Un baiser sous X


Quatrième de couverture

Fille et garçon, je suis né. Mon anomalie s’était vue confirmée à l’échographie. dévoilant la présence d’un testicule et d’un ovaire. Garçon et fille, je demeurais. Comme n’importe quel enfant je croyais que nous avions tous le même sexe, et qu’il ne jouerait aucun rôle prédominant dans ma vie. Je me trompais. Eric Paradisi fait apparaître un hermaphrodite dans sa chair et son âme, partagé entre ses deux identités, égaré dans une modernité qui le prive de son mythe, tourmenté à l’idée même de l’amour. Eric Paradisi signe ici son troisième roman.

Mon avis

J’avoue être tombée totalement sous le charme de ce magnifique roman, bien qu’au premier abord, je ne me soit pas sentie concernée par les aventures d’un être hermaphrodite. Après réflexion, et sans aller jusqu’à l’hermaphrodisme, il est vrai que chaque être humain possède une part masculine et une part féminine, sans en avoir forcément conscience.

Nous sommes loin, dans ce récit, du voyeurisme ou de la sphère du bizarre. L’histoire de cet/te enfant, né/e sous X d’une mère bien trop jeune, bien trop tourmentée pour l’assumer ne peut laisser personne indifférent. On retrouve une narration à la première personne, marque de fabrique de l’auteur, Éric Paradisi. Ce qui est plus étonnant, c’est cette alternance entre les passages écrits au féminin, et ceux écrits au masculin. Étonnant oui, mais absolument pas illogique, puisque cela suit l’état d’esprit de Camille, la façon dont il/elle se perçoit, se ressent.
Adopté/e très jeune, Camille sera choyé/e par une mère et une sœur qui n’auront de cesse de lui faire mener une vie la plus normale possible, dans le respect total de ce qu’il/elle veut. Couvert/e de baisers dès le plus jeune âge, il/elle développe ainsi une forme de sexualité atypique, liée intégralement à la bouche, seul moyen qu’il/elle trouve pour ne pas avoir à affronter le regard et le jugement de l’autre dans une relation intime.

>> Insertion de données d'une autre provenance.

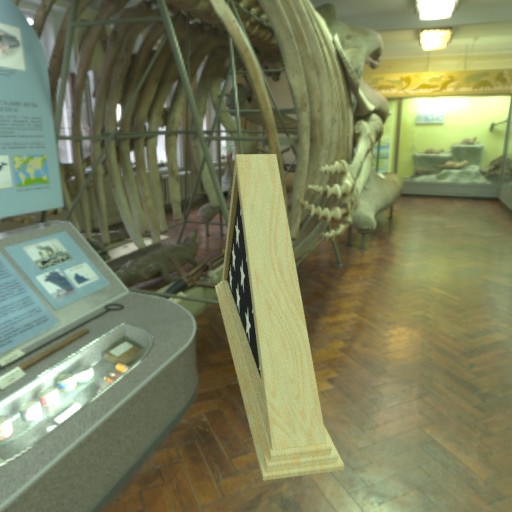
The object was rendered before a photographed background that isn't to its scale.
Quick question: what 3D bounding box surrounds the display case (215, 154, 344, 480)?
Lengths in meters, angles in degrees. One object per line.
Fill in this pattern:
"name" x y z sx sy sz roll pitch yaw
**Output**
"display case" 0.000 0.000 0.761 0.095 0.340 0.640 -3 16 -9
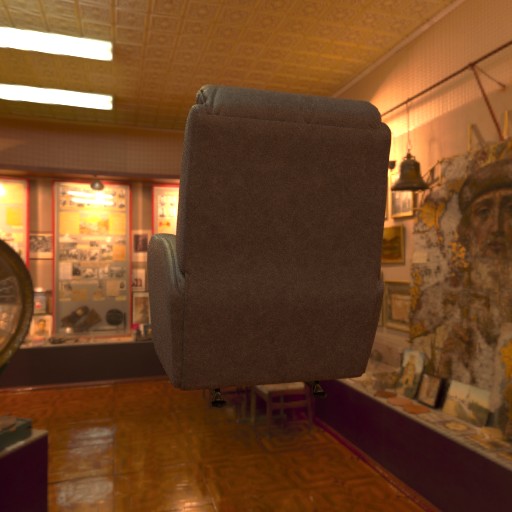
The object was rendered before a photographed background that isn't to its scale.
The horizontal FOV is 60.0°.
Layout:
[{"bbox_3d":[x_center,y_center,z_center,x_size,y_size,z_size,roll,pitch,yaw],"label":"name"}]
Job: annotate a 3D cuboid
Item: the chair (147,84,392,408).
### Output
[{"bbox_3d":[0.000,0.000,1.869,0.865,1.067,1.067,0,-1,-16],"label":"chair"}]
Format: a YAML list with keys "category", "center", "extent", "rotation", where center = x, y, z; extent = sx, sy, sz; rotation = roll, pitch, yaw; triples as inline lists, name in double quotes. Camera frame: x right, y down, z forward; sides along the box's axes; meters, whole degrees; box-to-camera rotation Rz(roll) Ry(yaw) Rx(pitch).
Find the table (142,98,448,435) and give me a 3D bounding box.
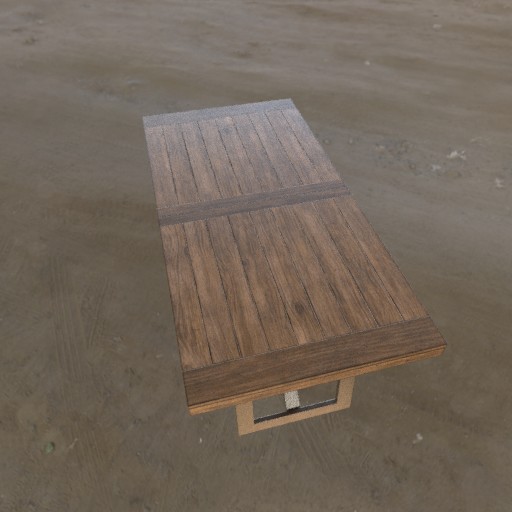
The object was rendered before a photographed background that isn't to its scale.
- category: "table"
  center: [0.000, 0.000, 2.394]
  extent: [0.931, 0.757, 1.867]
  rotation: [-11, 48, -10]
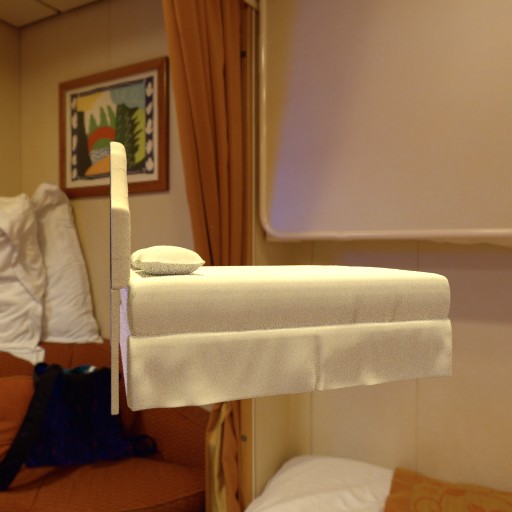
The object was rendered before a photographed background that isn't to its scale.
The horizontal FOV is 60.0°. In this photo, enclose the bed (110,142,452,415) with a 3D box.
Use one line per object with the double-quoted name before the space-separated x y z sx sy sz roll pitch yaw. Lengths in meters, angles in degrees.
"bed" 0.000 0.000 3.544 2.214 1.615 2.008 0 1 -18
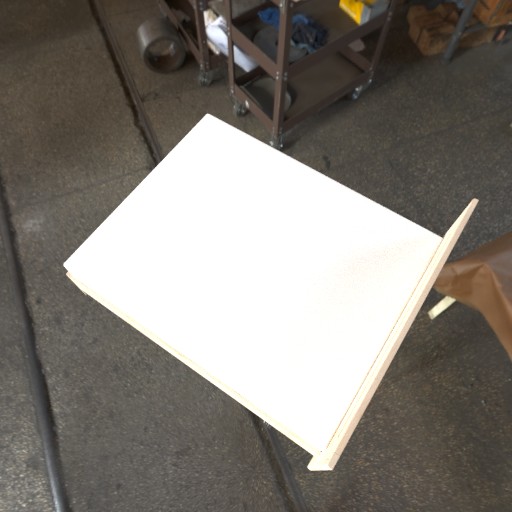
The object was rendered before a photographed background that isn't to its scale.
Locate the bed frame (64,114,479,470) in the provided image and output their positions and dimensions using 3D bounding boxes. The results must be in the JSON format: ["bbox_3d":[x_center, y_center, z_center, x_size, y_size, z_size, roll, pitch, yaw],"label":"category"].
[{"bbox_3d":[0.000,0.000,3.049,2.080,0.900,1.800,31,68,14],"label":"bed frame"}]
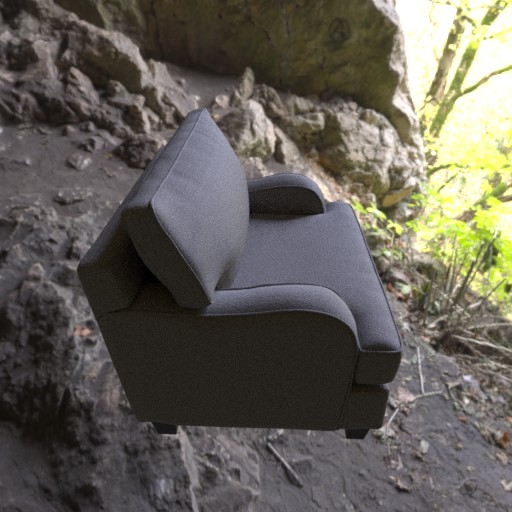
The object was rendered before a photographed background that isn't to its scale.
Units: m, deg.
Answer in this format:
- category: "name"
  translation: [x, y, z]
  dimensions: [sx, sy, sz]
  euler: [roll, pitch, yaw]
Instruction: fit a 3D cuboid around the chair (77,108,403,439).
- category: "chair"
  translation: [0.000, 0.000, 1.957]
  dimensions: [1.040, 1.016, 1.220]
  euler: [1, 31, 1]
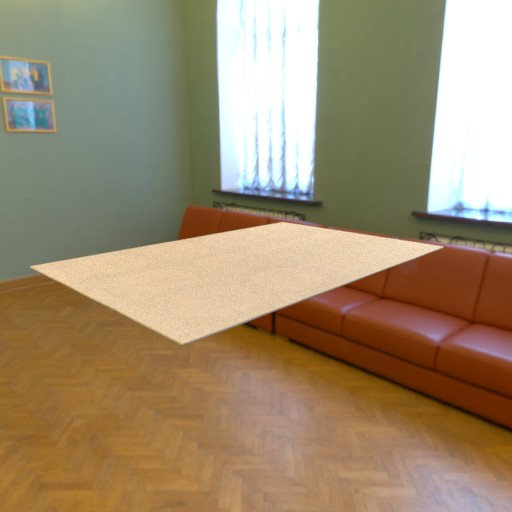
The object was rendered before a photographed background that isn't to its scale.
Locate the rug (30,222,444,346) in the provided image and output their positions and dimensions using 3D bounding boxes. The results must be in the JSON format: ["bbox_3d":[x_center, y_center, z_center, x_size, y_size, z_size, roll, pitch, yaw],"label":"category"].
[{"bbox_3d":[0.000,0.000,2.334,1.236,0.009,1.839,13,19,43],"label":"rug"}]
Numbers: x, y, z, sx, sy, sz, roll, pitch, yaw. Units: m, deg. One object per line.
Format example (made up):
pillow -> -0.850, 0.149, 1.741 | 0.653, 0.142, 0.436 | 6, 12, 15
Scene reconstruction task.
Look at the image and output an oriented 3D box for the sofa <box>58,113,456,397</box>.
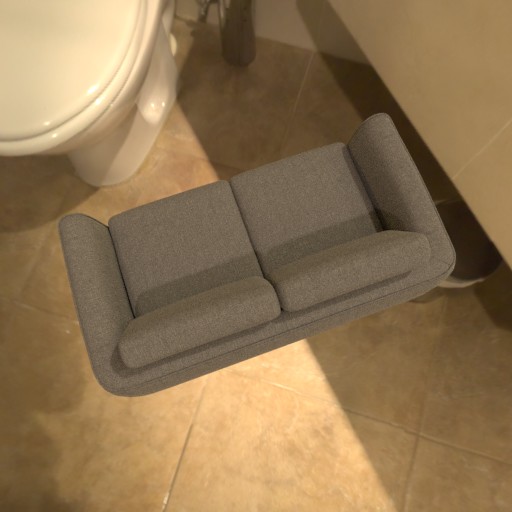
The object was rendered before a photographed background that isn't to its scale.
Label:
sofa -> 0.000, 0.000, 2.207 | 1.700, 0.870, 0.920 | -19, 77, -5
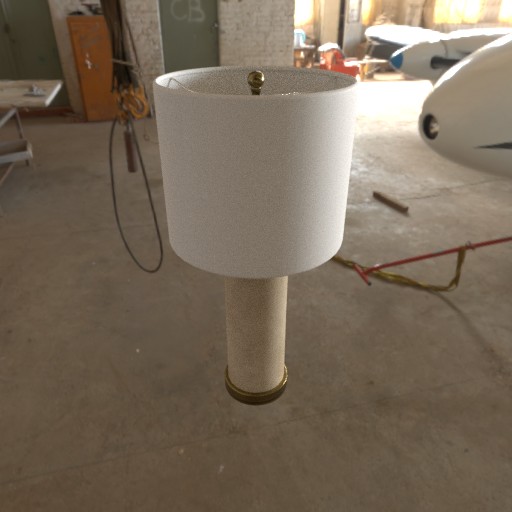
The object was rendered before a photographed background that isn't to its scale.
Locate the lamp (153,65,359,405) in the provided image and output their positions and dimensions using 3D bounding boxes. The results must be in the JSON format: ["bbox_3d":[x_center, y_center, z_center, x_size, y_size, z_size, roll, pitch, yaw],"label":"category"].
[{"bbox_3d":[0.000,0.000,0.817,0.305,0.634,0.305,11,31,19],"label":"lamp"}]

Au fil des années, que Camille soit garçon (pour l’amour d’une petite fille embrassée sur une plage à l’âge de 6 ans) ou fille, mannequin égérie d’un grand couturier, ce baiser constituera la seule forme de sexualité qu’il/elle s’autorisera. Mais que ne nous fait-il/elle pas découvrir au travers de lui… Des brassées de tendresse, de volupté, de gourmandise aussi au travers de multiples saveurs.
Et puis il y a cette quête incessante de la mère, la vraie, la génitrice. Camille n’a de cesse de comprendre. Pourquoi n’a-t-elle pas voulu de lui/elle ? Quelles souffrances a-t-elle connues pour en arriver à cela ? Comment la retrouver, si longtemps après ?

Ce livre fait indéniablement partie de ceux dont la lecture m’a profondément bouleversée, je le dis sans honte aucune. Un de ceux qui, une fois la dernière page tournée, font naître instantanément le sentiment que l’on est plus riche que lorsqu’on en a commencé la lecture, mais aussi la tristesse qu’il soit terminé.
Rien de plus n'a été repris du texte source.